Conventional farming is fuelling the climate crisis — and it’s still not filling our population

JESSICA LEEDER JESSICA LEEDER WRITES ABOUT TECHNOLOGY FOR MARS. TORSTAR, THE PARENT COMPANY OF THE TORONTO STAR, HAS PARTNERED WITH MARS TO HIGHLIGHT INNOVATION IN CANADIAN COMPANIES.

After buying a 12-acre plot of land in southern Ontario to grow food, Mohammed Ashour and his company could have chosen to raise cows. But they recognized that the small handful of animals would only yield a few hundred kilograms of protein each year. Ashour had much loftier goals.

Instead of cattle, Ashour, CEO and co-founder of Aspire, and his team opted for pinhead crickets, which increase in size 800 per cent over the course of their month-long life.

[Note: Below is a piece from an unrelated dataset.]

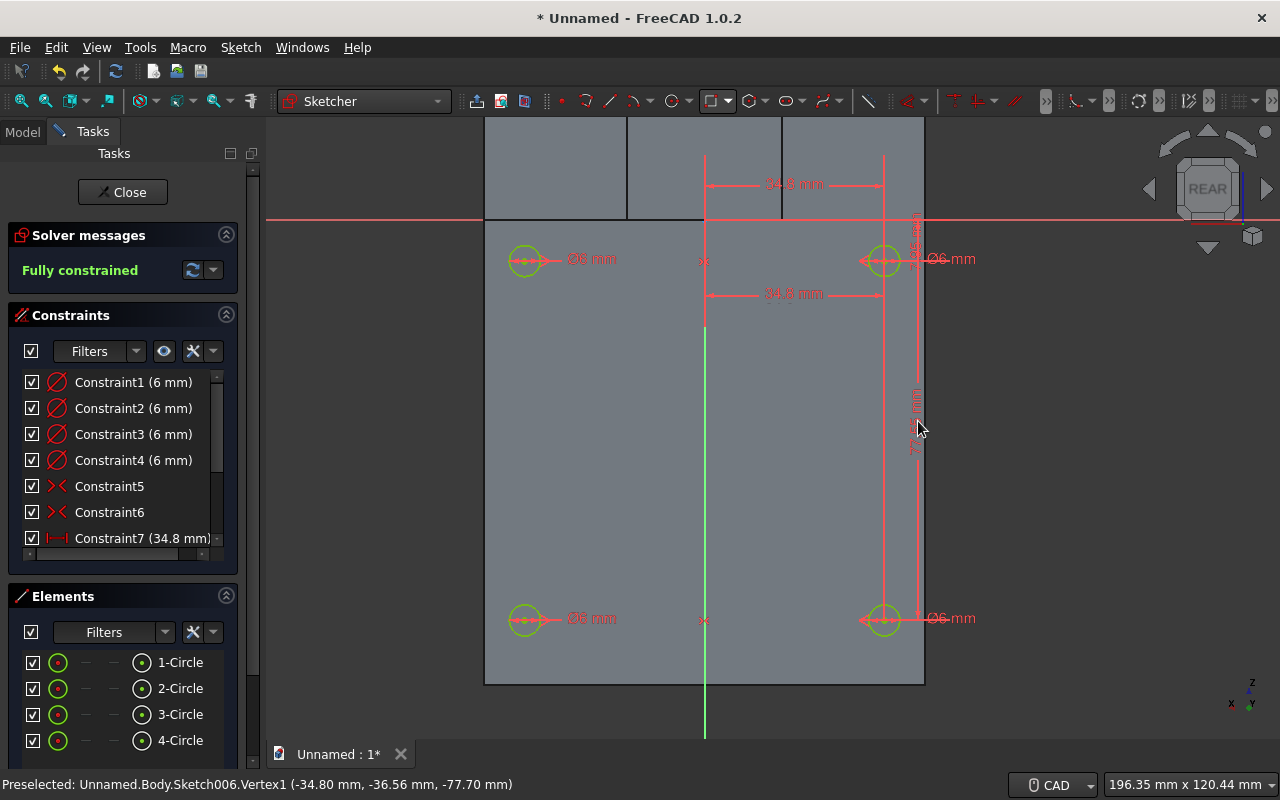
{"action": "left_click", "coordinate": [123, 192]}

“Crickets eat a fraction of the food that other forms of livestock consume, but they produce the same amount of protein,” he explains.

To maximize the crickets’ potential, Ashour’s team drew on experts in artificial intelligence, manufacturing and robotics. This year, they will open what is arguably the country’s most efficient proteinproducing operation: a $90-million, windowless, robot-powered vertical farm that extends 11 storeys high and produces close to zero waste. (It will also sell frass, waste produced by the crickets, which is an effective compost.)

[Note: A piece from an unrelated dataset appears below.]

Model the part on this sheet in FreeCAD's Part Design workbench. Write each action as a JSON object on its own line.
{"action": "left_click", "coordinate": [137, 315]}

The facility is in London, Ont., on the aptly named Innovation Drive, where farm fields share space with manufacturing and technology outfits, including a pizza factory owned by Dr. Oetker.

When Aspire ramps up to full capacity, it will boast sophisticated sensors that will collect between 27 and 30 million data points each day, helping to optimize conditions to produce an annual protein yield of a whopping 12 million kilograms. The smart system is a high-tech, low-impact effort to help solve the global protein crisis — a crisis that requires a dramatic reimagining of how we get the most out of our farmed land.

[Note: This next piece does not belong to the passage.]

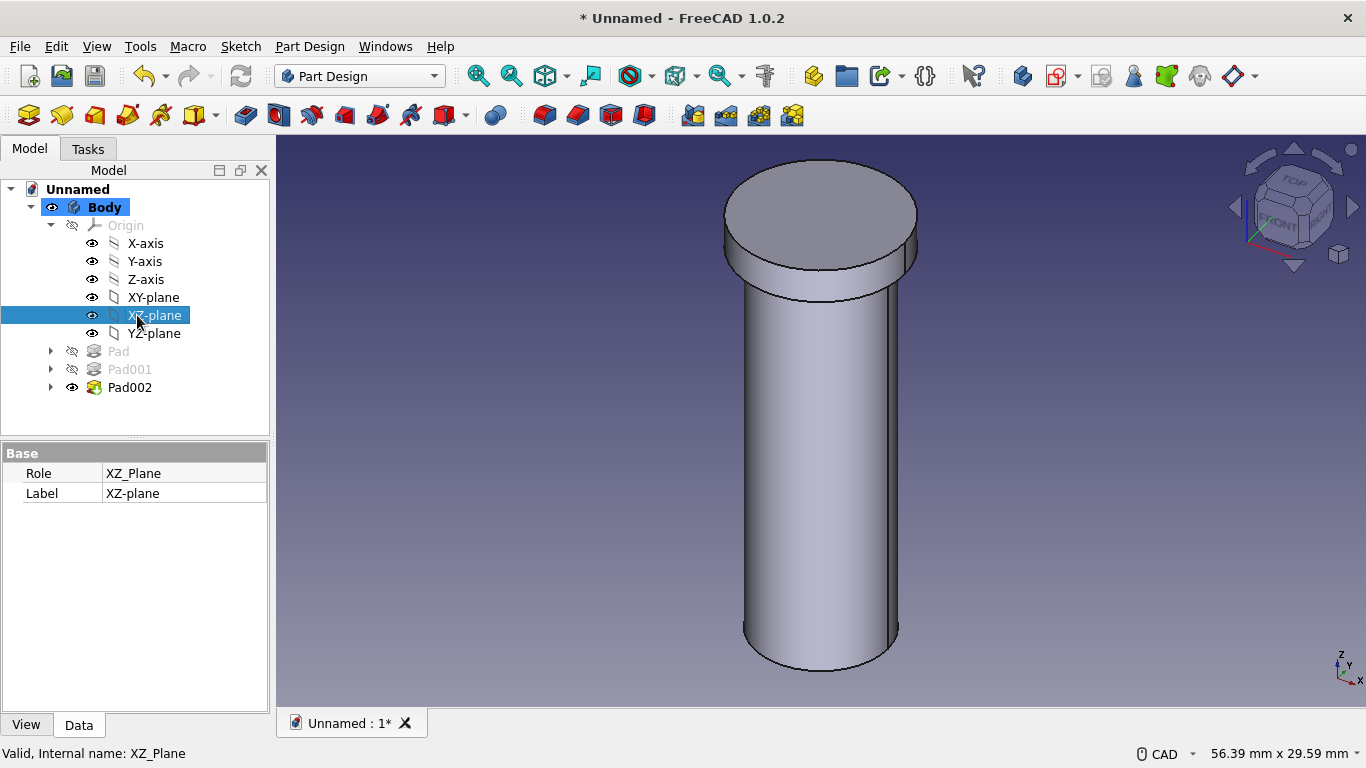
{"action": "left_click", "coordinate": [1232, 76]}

“Our planet is rapidly growing in population and appetite. At the same time, it’s shrinking in resources with which to produce food,” Ashour says. “If we can come up with ways to produce more food with fewer resources, we can have an outsized impact on solving this problem.”

The unsustainability of our current agricultural system has been well documented by the United Nations Food and Agriculture Organization, the World Resources Institute and other climate watchdogs. Livestock accounts for 14.5 per cent of all global man-made greenhouse-gas emissions; cattle, which are particularly hard on the environment, are responsible for 65 per cent of that share.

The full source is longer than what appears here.